▶ _Description of the task_
Transcribe the data in full and exactly, omitting any pictures.

Start of Records for this task

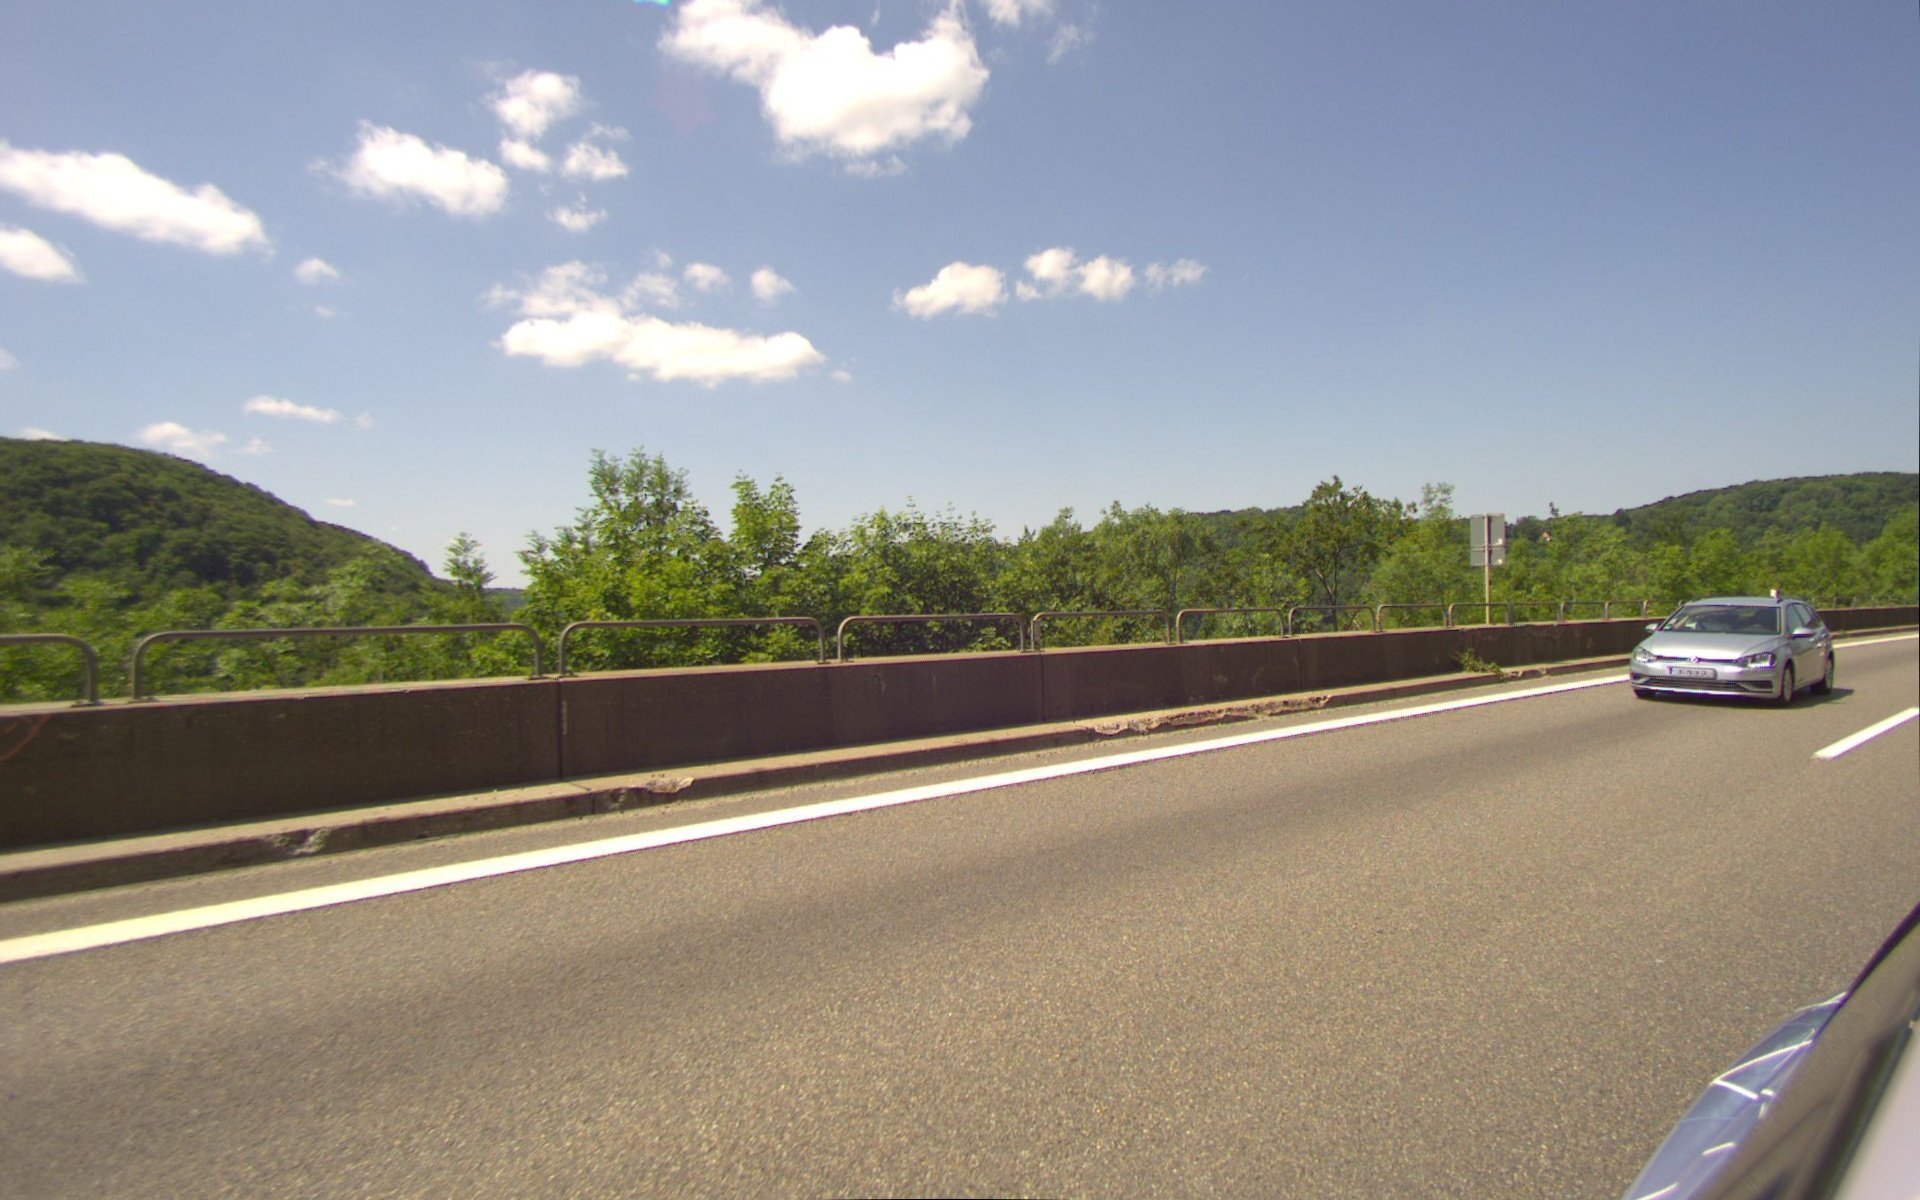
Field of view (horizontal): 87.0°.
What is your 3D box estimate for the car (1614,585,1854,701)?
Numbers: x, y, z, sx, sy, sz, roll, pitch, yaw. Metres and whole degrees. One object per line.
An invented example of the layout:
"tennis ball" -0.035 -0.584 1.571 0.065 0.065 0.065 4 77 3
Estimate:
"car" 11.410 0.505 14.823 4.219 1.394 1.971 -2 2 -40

End of Records for this task

▶ _Answer section_
Field of view (horizontal): 87.0°.
What is your 3D box estimate for the car (1614,585,1854,701)?
Numbers: x, y, z, sx, sy, sz, roll, pitch, yaw. Metres and whole degrees. One object per line.
An invented example of the layout:
"tennis ball" -0.035 -0.584 1.571 0.065 0.065 0.065 4 77 3
Estimate:
"car" 11.410 0.505 14.823 4.219 1.394 1.971 -2 2 -40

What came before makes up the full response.